Databricks Cost Anomaly Detection
LakeSentry uses statistical and rule-based detectors to surface changes that deserve investigation. Anomalies are not automatic proof of waste; they are a starting point for cost forensics.
Detected anomaly types
Section titled “Detected anomaly types”- Cost spike: spend is unusually high compared with baseline.
- Duration anomaly: workload runtime is unusually high.
- Failure-rate spike: failed runs or queries increased materially.
- Warehouse spend spike: SQL warehouse spend moved outside baseline.
- Serving spike: model serving request/cost patterns changed unexpectedly.
- Budget risk: projected spend is on track to exceed a budget.
- Attribution declining: the share of attributed spend dropped and more cost is now unattributed.
Detection methods
Section titled “Detection methods”LakeSentry combines statistical and threshold detectors. For time-series detectors it uses a Z-score:
z = (current_value - baseline_mean) / baseline_standard_deviationCurrent backend thresholds include:
| Detector | Main trigger |
|---|---|
| Cost spike | Recent spend over the last 48 hours has z-score ≥ 2.0 or is at least 2.5× baseline, with baseline average at least $10 and delta at least $50. |
| Duration anomaly | Runtime z-score ≥ 2.5 with at least 5 baseline runs. |
| Failure-rate spike | Failure rate increased by at least 15 percentage points. |
| Warehouse spend spike | 30-day warehouse velocity increase, minimum $1,000 delta. |
| Serving spike | Last 7 days compared with the previous 7 days, minimum $500 delta. |
| Budget risk | Projected spend exceeds the budget by at least 10%. |
| Attribution declining | Unattributed share increased by at least 5 percentage points week over week. |
Severity is detector-specific. Cost spikes become high/critical when z-score or multiplier crosses higher thresholds. Budget risk becomes high above 25% projected overage and critical above 50%.
Baselines and safeguards
Section titled “Baselines and safeguards”- At least a small number of data points is required before a Z-score is meaningful.

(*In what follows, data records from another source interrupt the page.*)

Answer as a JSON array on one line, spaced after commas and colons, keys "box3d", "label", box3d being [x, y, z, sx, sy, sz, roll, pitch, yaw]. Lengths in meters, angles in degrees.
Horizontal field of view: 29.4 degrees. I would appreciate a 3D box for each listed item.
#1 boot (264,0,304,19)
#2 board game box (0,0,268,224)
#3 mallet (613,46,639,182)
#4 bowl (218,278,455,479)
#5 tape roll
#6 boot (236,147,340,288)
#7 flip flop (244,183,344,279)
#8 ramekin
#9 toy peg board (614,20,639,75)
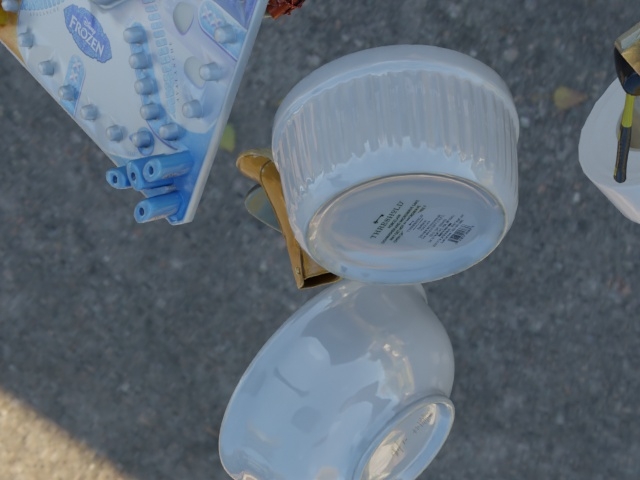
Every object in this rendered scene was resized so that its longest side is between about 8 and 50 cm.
[{"box3d": [-0.012, -0.227, 1.044, 0.158, 0.084, 0.059, 2, 163, 26], "label": "boot"}, {"box3d": [-0.194, -0.270, 1.060, 0.390, 0.050, 0.390, 45, 130, 29], "label": "board game box"}, {"box3d": [0.338, -0.142, 1.352, 0.039, 0.062, 0.189, -4, 145, 3], "label": "mallet"}, {"box3d": [0.047, 0.185, 1.304, 0.134, 0.298, 0.297, 41, 134, 31], "label": "bowl"}, {"box3d": [0.521, -0.162, 1.784, 0.286, 0.286, 0.100, -29, 125, 34], "label": "tape roll"}, {"box3d": [-0.041, -0.034, 1.759, 0.295, 0.104, 0.211, 171, 93, -66], "label": "boot"}, {"box3d": [0.000, 0.000, 1.953, 0.277, 0.080, 0.112, 40, 124, -16], "label": "flip flop"}, {"box3d": [0.065, -0.051, 0.995, 0.207, 0.109, 0.207, -3, 146, -2], "label": "ramekin"}, {"box3d": [0.382, -0.179, 1.136, 0.161, 0.161, 0.079, -37, 62, 18], "label": "toy peg board"}]
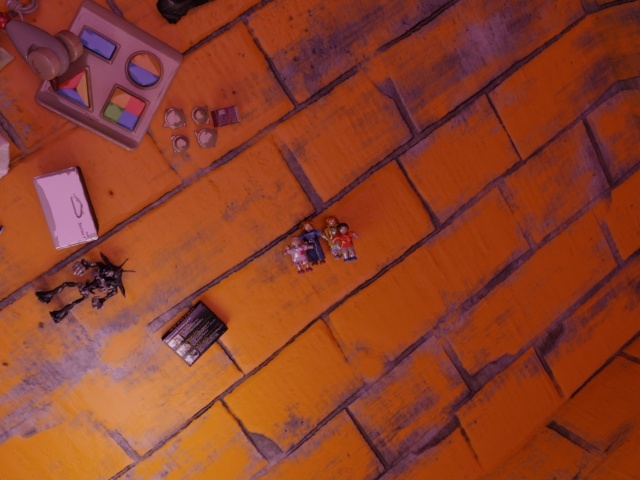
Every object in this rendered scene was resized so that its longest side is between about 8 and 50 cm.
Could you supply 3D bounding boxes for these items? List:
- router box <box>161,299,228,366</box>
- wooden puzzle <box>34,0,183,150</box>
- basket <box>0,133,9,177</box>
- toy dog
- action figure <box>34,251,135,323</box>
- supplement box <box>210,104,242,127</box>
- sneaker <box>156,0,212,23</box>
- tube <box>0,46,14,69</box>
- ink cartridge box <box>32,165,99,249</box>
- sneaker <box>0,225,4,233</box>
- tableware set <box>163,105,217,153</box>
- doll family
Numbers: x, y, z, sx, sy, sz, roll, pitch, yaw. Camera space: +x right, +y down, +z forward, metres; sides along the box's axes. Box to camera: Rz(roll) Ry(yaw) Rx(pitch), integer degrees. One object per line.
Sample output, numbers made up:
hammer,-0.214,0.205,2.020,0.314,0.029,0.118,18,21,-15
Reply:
router box,-0.414,0.307,1.989,0.179,0.046,0.133,-45,108,-9
wooden puzzle,-0.622,-0.488,1.788,0.322,0.080,0.348,27,88,-21
basket,-1.009,-0.185,1.529,0.266,0.331,0.328,42,66,-18
toy dog,-0.819,-0.530,1.659,0.333,0.161,0.220,41,44,14
action figure,-0.699,0.141,1.818,0.275,0.141,0.164,-30,95,-12
supplement box,-0.302,-0.397,1.927,0.083,0.043,0.055,-19,104,-27
sneaker,-0.410,-0.736,1.835,0.227,0.130,0.087,-42,106,-39
tube,-0.974,-0.454,1.685,0.240,0.062,0.070,-56,154,-10
ink cartridge box,-0.713,-0.100,1.703,0.117,0.278,0.202,-17,102,-17
sneaker,-0.962,-0.015,1.758,0.037,0.032,0.083,43,82,-20
tableware set,-0.413,-0.356,1.913,0.168,0.020,0.141,-12,102,-19
doll family,0.000,0.000,2.075,0.262,0.118,0.163,-15,109,1
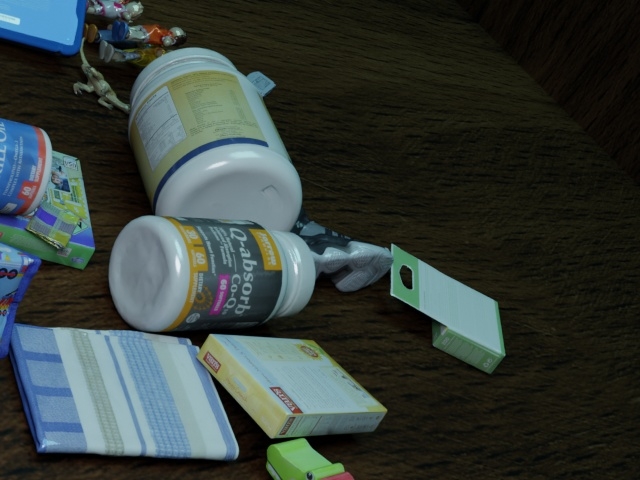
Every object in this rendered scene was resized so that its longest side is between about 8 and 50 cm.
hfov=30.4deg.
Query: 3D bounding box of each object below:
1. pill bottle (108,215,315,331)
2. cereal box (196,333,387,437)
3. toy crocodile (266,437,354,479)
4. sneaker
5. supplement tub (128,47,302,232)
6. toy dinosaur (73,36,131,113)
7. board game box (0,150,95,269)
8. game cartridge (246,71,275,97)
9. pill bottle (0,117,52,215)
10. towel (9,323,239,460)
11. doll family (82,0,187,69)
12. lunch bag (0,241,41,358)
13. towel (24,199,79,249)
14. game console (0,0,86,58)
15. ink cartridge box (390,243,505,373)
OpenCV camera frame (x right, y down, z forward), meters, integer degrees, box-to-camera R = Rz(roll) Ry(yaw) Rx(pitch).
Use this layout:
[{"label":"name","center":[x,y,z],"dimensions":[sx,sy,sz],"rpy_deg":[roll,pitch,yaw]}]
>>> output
[{"label":"pill bottle","center":[-0.148,0.048,1.682],"dimensions":[0.278,0.162,0.162],"rpy_deg":[1,43,-46]},{"label":"cereal box","center":[-0.037,0.200,1.629],"dimensions":[0.173,0.047,0.240],"rpy_deg":[42,19,32]},{"label":"toy crocodile","center":[0.047,0.375,1.451],"dimensions":[0.115,0.105,0.340],"rpy_deg":[2,42,-46]},{"label":"sneaker","center":[0.000,0.000,1.977],"dimensions":[0.269,0.101,0.153],"rpy_deg":[2,45,-43]},{"label":"supplement tub","center":[-0.176,-0.139,1.866],"dimensions":[0.228,0.228,0.316],"rpy_deg":[15,34,-34]},{"label":"toy dinosaur","center":[-0.391,-0.275,2.048],"dimensions":[0.183,0.053,0.093],"rpy_deg":[50,15,11]},{"label":"board game box","center":[-0.478,-0.080,1.640],"dimensions":[0.317,0.046,0.213],"rpy_deg":[17,33,-31]},{"label":"game cartridge","center":[-0.128,-0.321,2.426],"dimensions":[0.056,0.017,0.083],"rpy_deg":[39,28,-1]},{"label":"pill bottle","center":[-0.469,-0.108,1.512],"dimensions":[0.222,0.124,0.124],"rpy_deg":[11,37,-37]},{"label":"towel","center":[-0.249,0.193,1.484],"dimensions":[0.285,0.034,0.209],"rpy_deg":[10,37,-38]},{"label":"doll family","center":[-0.348,-0.367,2.183],"dimensions":[0.163,0.118,0.263],"rpy_deg":[0,26,-39]},{"label":"lunch bag","center":[-0.503,0.009,1.360],"dimensions":[0.221,0.138,0.293],"rpy_deg":[12,15,-48]},{"label":"towel","center":[-0.366,-0.022,1.614],"dimensions":[0.060,0.009,0.083],"rpy_deg":[29,29,-10]},{"label":"game console","center":[-0.571,-0.430,2.066],"dimensions":[0.293,0.173,0.250],"rpy_deg":[12,66,-23]},{"label":"ink cartridge box","center":[0.211,0.119,2.079],"dimensions":[0.235,0.056,0.171],"rpy_deg":[27,29,-12]}]

- Constant data has zero standard deviation; LakeSentry does not flag those points as anomalous.
- Cost and runtime anomalies are interpreted with supporting evidence such as resource, owner, and time range.
- Budget risk uses projection against the budget period, not only Z-score movement.
Investigating an anomaly
Section titled “Investigating an anomaly”- Open the insight detail page and review evidence.
- Use Cost Changes to see the period-over-period driver.
- Drill into Cost Explorer by workspace, team, principal, compute type, or table.
- Open the related workload, cluster, SQL warehouse, or serving page when linked.
- Resolve or dismiss the insight after confirming the cause.